Но как отнесется к подобной перевязке окружившая нас пехота? Да еще при нехватке перевязочных средств?..
И тут раздался укоризненный голос пожилого бойца:
— Что же ты, дочка, над живностью измываешься?
Пожилого поддержал молодой:
— Они, городские, все такие. Без понятия.
Вслед за солистами вступил хор. Чего я не наслушалась!
На остряка, предложившего сварить из «раненой» суп, цыкнули так, что он только молча захлопал светлыми запыленными ресницами.
Я раскрыла санитарную сумку. Кто-то услужливо обстругал ножом две щепы, и я наложила квочке шину всем правилам медицины…
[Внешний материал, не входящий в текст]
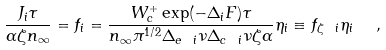Convert formula to latex. <formula><loc_0><loc_0><loc_500><loc_500>\frac { J _ { i } \tau } { \alpha \zeta n _ { \infty } } = f _ { i } = \frac { W ^ { + } _ { c } \exp ( - \Delta _ { i } F ) \tau } { n _ { \infty } \pi ^ { 1 / 2 } \Delta _ { e \ i } \nu \Delta _ { c \ i } \nu \zeta \alpha } \eta _ { i } \equiv f _ { \zeta \ i } \eta _ { i } \ \ ,</formula> 
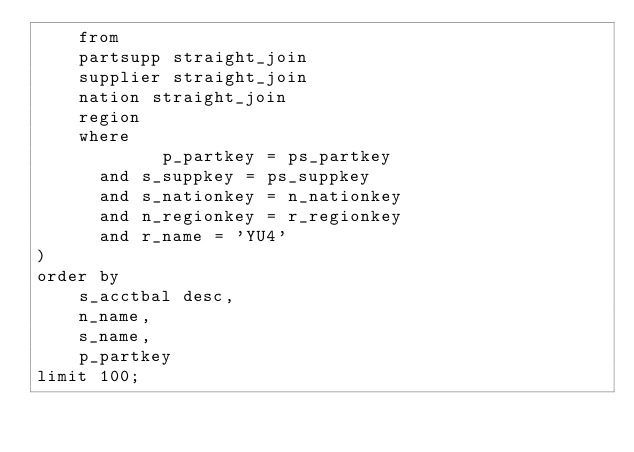Convert code to text. <code><loc_0><loc_0><loc_500><loc_500><_SQL_>    from
    partsupp straight_join
    supplier straight_join
    nation straight_join
    region
    where
            p_partkey = ps_partkey
      and s_suppkey = ps_suppkey
      and s_nationkey = n_nationkey
      and n_regionkey = r_regionkey
      and r_name = 'YU4'
)
order by
    s_acctbal desc,
    n_name,
    s_name,
    p_partkey
limit 100;
</code> 
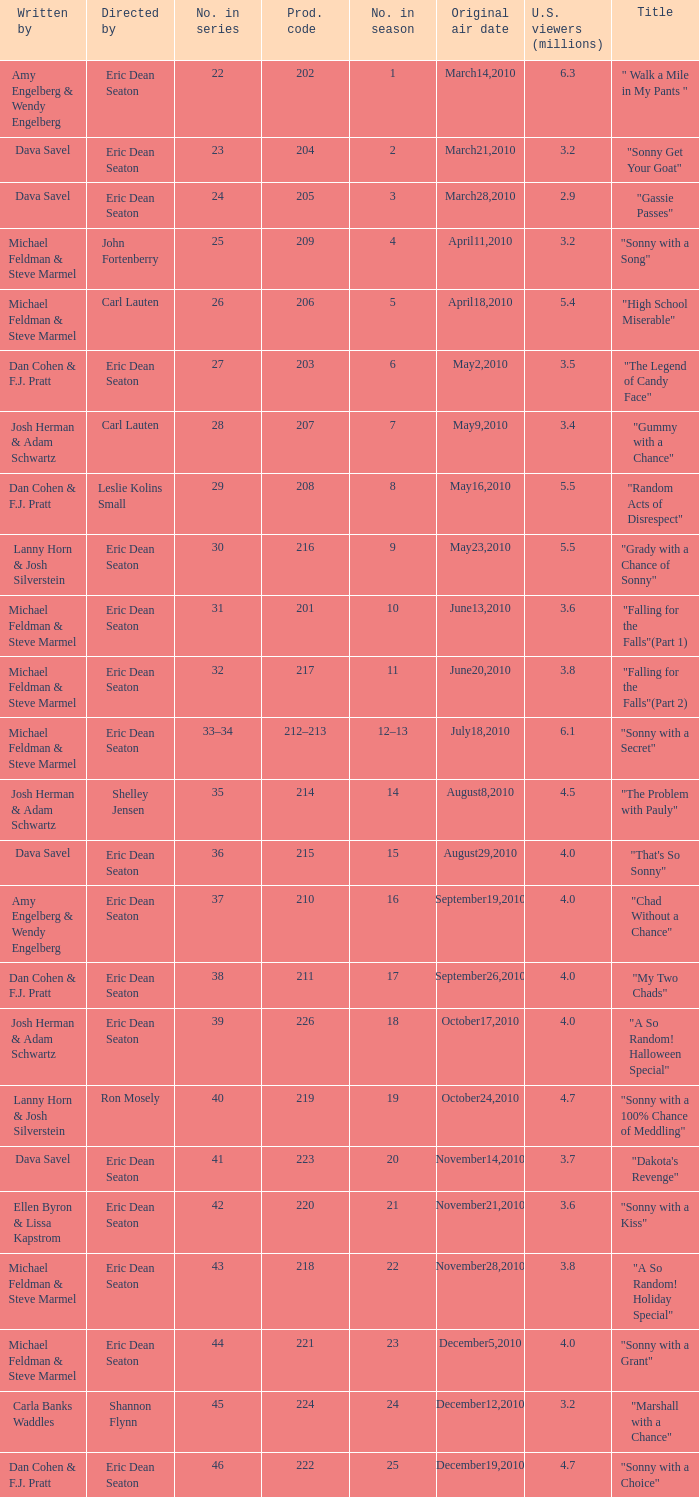How man episodes in the season were titled "that's so sonny"? 1.0. 
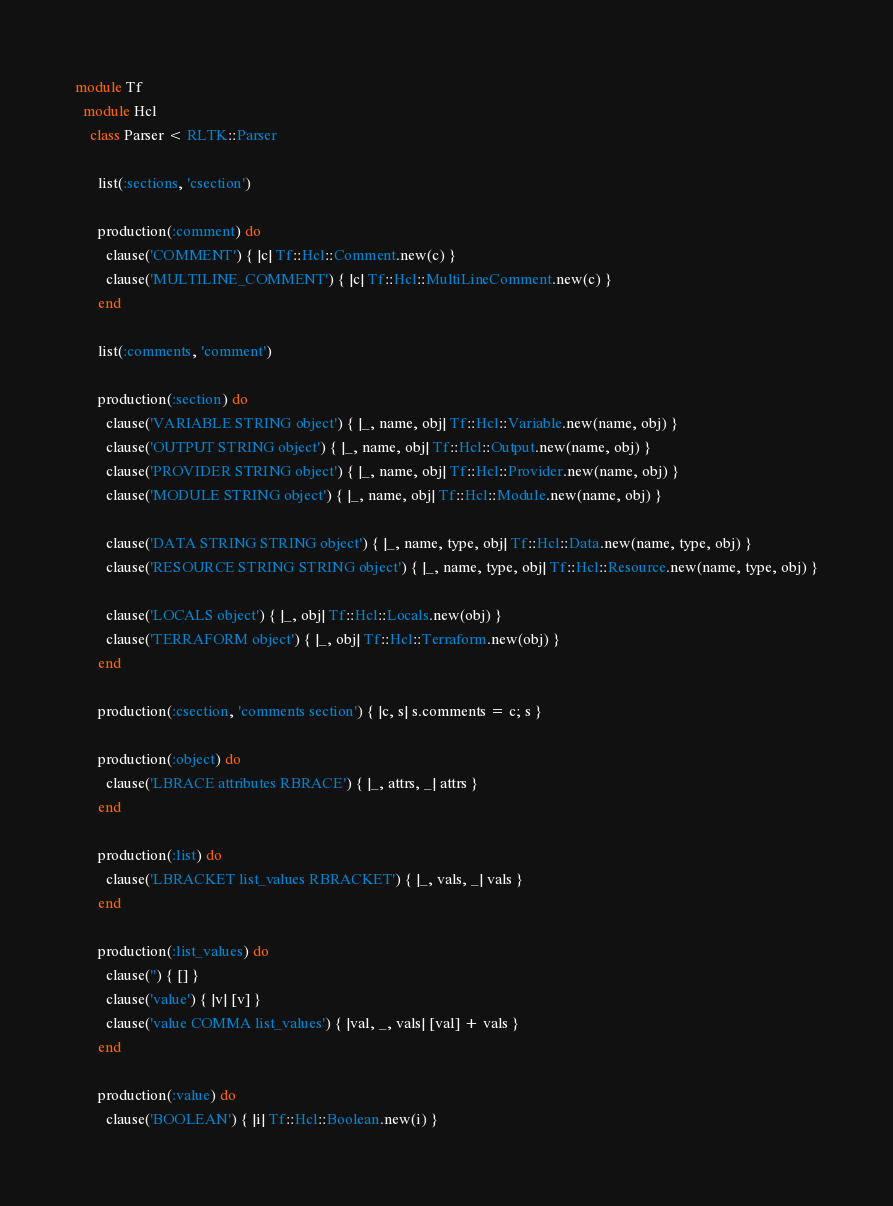Convert code to text. <code><loc_0><loc_0><loc_500><loc_500><_Ruby_>module Tf
  module Hcl
    class Parser < RLTK::Parser

      list(:sections, 'csection')

      production(:comment) do
        clause('COMMENT') { |c| Tf::Hcl::Comment.new(c) }
        clause('MULTILINE_COMMENT') { |c| Tf::Hcl::MultiLineComment.new(c) }
      end

      list(:comments, 'comment')

      production(:section) do
        clause('VARIABLE STRING object') { |_, name, obj| Tf::Hcl::Variable.new(name, obj) }
        clause('OUTPUT STRING object') { |_, name, obj| Tf::Hcl::Output.new(name, obj) }
        clause('PROVIDER STRING object') { |_, name, obj| Tf::Hcl::Provider.new(name, obj) }
        clause('MODULE STRING object') { |_, name, obj| Tf::Hcl::Module.new(name, obj) }

        clause('DATA STRING STRING object') { |_, name, type, obj| Tf::Hcl::Data.new(name, type, obj) }
        clause('RESOURCE STRING STRING object') { |_, name, type, obj| Tf::Hcl::Resource.new(name, type, obj) }

        clause('LOCALS object') { |_, obj| Tf::Hcl::Locals.new(obj) }
        clause('TERRAFORM object') { |_, obj| Tf::Hcl::Terraform.new(obj) }
      end

      production(:csection, 'comments section') { |c, s| s.comments = c; s }

      production(:object) do
        clause('LBRACE attributes RBRACE') { |_, attrs, _| attrs }
      end

      production(:list) do
        clause('LBRACKET list_values RBRACKET') { |_, vals, _| vals }
      end

      production(:list_values) do
        clause('') { [] }
        clause('value') { |v| [v] }
        clause('value COMMA list_values') { |val, _, vals| [val] + vals }
      end

      production(:value) do
        clause('BOOLEAN') { |i| Tf::Hcl::Boolean.new(i) }</code>

Вообще ко всякой живности на фронте относились нежностью. И конечно, всех приводили в восторг собаки-санитары, которые сноровисто тащили санки-волокуши с ранеными.
Правда, как только начинался обстрел, четвероногие санитары тут же останавливались, и так же сноровисто начинали окапываться. Тогда сдвинуть их с места нельзя было никакими силами. То же самое происходило и при появлении самолетов. Не только немецких, но и наших.
«Ишь, стервецы, — восхищались солдаты, — понимают ведь, что самолеты наши и бомбы наши».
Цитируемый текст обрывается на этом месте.